### Your task
For each line in the data that includes "pitch", make a copy.

### Data in this exercise
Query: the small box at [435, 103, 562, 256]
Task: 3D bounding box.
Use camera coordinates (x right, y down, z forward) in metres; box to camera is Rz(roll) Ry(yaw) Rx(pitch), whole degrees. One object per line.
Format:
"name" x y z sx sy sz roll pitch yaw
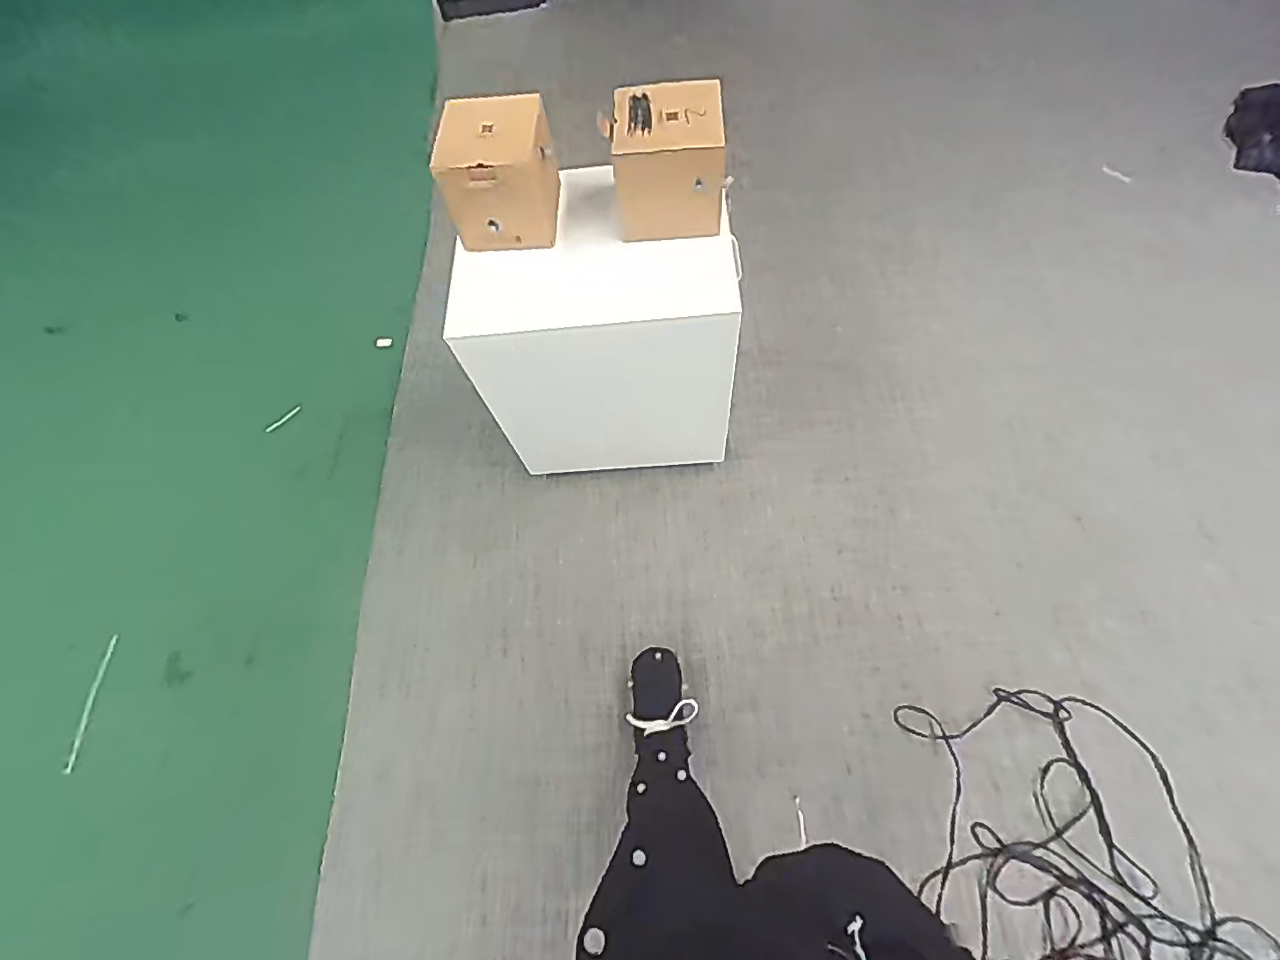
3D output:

### Worked solution
Use camera coordinates (x right, y down, z forward) in metres; box to camera is Rz(roll) Ry(yaw) Rx(pitch), whole degrees. One object per line.
"name" x y z sx sy sz roll pitch yaw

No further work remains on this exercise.